9. This style of lighting was made possible through the following techniques: the use of more sensitive, faster to develop film stock which produced darker images (Barroso, 1989: 240); a reliance on natural lighting when filming inside buildings (Barroso, 1989: 246) and a preference for filming at dawn and dusk, a time which the Cuadrado would affectionately call “the witching hour” (“la hora bruja”) (Barroso, 1989: 244). Having received his professional training from Cuadrado, Escamilla took over from his colleague as director of photography two weeks before the end of filming Pascual Duarte, as the latter had to be rushed to hospital for an operation on his eyes (Heredero, 1994: 248). In the several productions that followed, most notably in The disenchantment/El desencanto, Cría cuervos and Elisa, vida mía, his style of photography remains practically the same as that of Cuadrado. Escamilla has commented that Cuadrado had indelible influence on his cinematography (Heredero, 1994: 248). However, in later films such as El amor brujo (Carlos Saura, 1986), which were not part of “la factoría Querejeta,” Escamilla appears to find his own style of photography, experimenting with more artificial-looking high-key lighting.

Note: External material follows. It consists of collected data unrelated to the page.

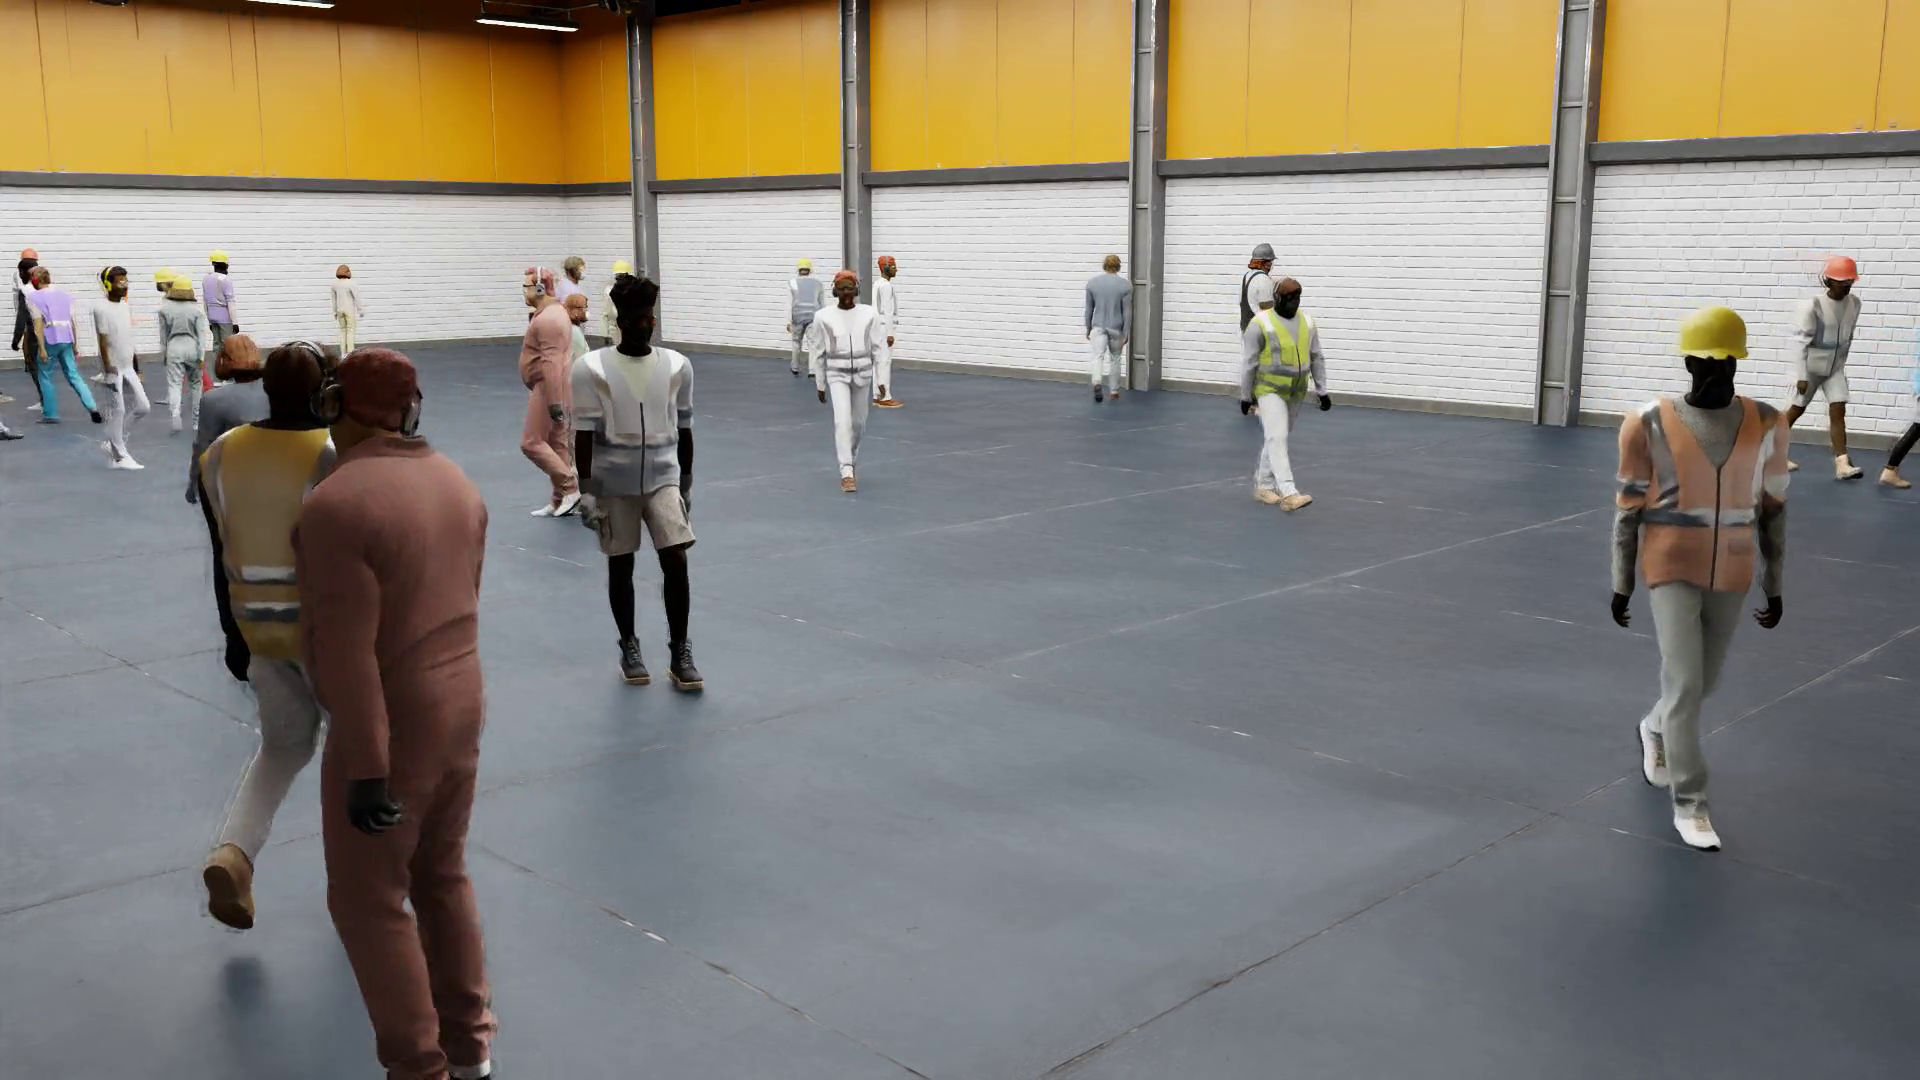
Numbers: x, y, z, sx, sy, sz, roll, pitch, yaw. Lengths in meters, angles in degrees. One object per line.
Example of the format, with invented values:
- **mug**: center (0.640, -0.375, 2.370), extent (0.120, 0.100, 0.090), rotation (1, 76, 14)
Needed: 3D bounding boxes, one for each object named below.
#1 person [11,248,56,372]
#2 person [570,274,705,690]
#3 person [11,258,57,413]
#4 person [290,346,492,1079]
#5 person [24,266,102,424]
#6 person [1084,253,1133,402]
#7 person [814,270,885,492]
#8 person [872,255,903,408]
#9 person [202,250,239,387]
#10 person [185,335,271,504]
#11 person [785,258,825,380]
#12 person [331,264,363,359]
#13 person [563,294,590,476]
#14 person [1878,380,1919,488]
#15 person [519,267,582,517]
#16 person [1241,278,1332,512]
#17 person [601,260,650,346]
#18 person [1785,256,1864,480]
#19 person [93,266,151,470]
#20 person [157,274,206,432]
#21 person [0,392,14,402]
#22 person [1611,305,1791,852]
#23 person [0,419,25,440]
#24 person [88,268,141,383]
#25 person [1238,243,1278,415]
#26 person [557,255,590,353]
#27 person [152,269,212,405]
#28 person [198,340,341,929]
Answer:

10. She also appeared in Saura/Querejeta collaborations Ana y los lobos/ Ana and the Wolves (1972) and Mamá cumple cien años/ Mama Is One Hundred Years Old (1979), in which she plays an English au pair who comes to work for a bourgeois family in an isolated country house in Torrelodones, Castile. Presided over by the senile and infirm Mamá (Rafaela Aparicio), who symbolises the rapidly ageing dictator, the house is presented as a microcosm for Francoist Spain. This symbolism of the Spanish home can be seen in the most famous Saura/Querejeta collaboration Cría cuervos/ Raise Ravens (1976), which also starred Chaplin. Although set within Madrid, the gloomy low-key lighting and camerawork focus our attention on the sheer scale and consistency of the home, and huge mahogany furniture and high ceilings create an architecture of oppression. In addition to these, she also appeared in Saura’s earlier Stress es tres, tres/ Stress Is Three, Three (1967),whose protagonist Fernando (Fernando Cebrián), becomes violently jealous as the characters travel through the Castilian landscape. Saura has commented that the violence in the film appears to irrupt from the surrounding landscape (Brasó, 1974: 213).